At least 11 residents of an energy-rich town in Yemen were killed Saturday when Houthi militia stormed the city while local officials sought to shore up defenses after Houthi rebels appeared to have won the last battleground in a three-year conflict against Houthi rebels backed by supporters of Yemeni leader, Abdel-Malek al-Houthi.
Riyadh, an impoverished city that straddles the capital Sanaa’s northern outskirts, remained held by pro-Houthi supporters after the Houthis took hold of nearby Marib province in a bombing campaign launched several weeks ago.

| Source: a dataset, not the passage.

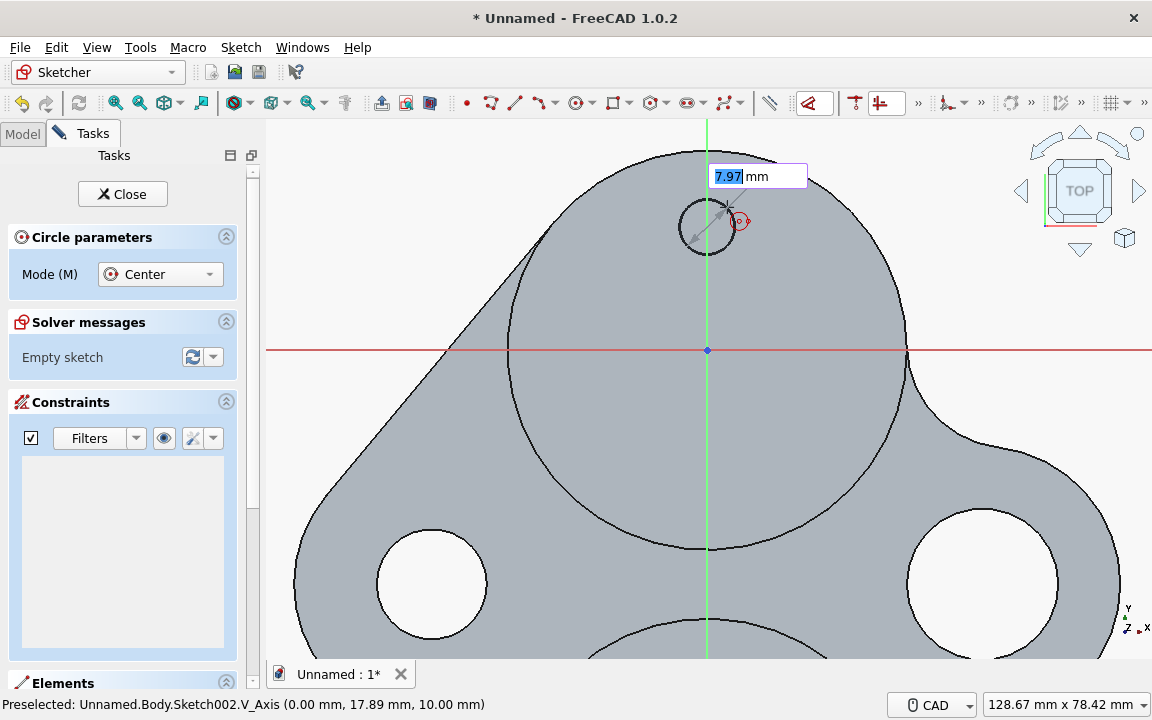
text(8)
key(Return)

Pro-Houthi militiamen drove hundreds of people from Riyadh and stormed the city center Saturday, Yemeni activist Iyad al-Marashi told the Washington Post, revealing the extent of the damage.
Marib province is the only area in Yemen that has been under the control of pro-Houthi forces for most of the three-year civil war and is pivotal in securing the port city of Hodeida. Tens of thousands of residents of Hodeida were evacuating the city in the past week, after the coalition declared a complete cutoff to Hodeida last week.
“Marib is not a small city. The strategic importance of it goes without saying,” al-Marashi said. “Right now, Marib is the most critical tribal stronghold left [in] Yemen.”
Militiamen from the Houthi-controlled Presidency for the Popular Committees and Local Councils, on Wednesday launched an aerial bombing campaign, backed by airstrikes from Saudi Arabia and the United Arab Emirates, against Riyadh.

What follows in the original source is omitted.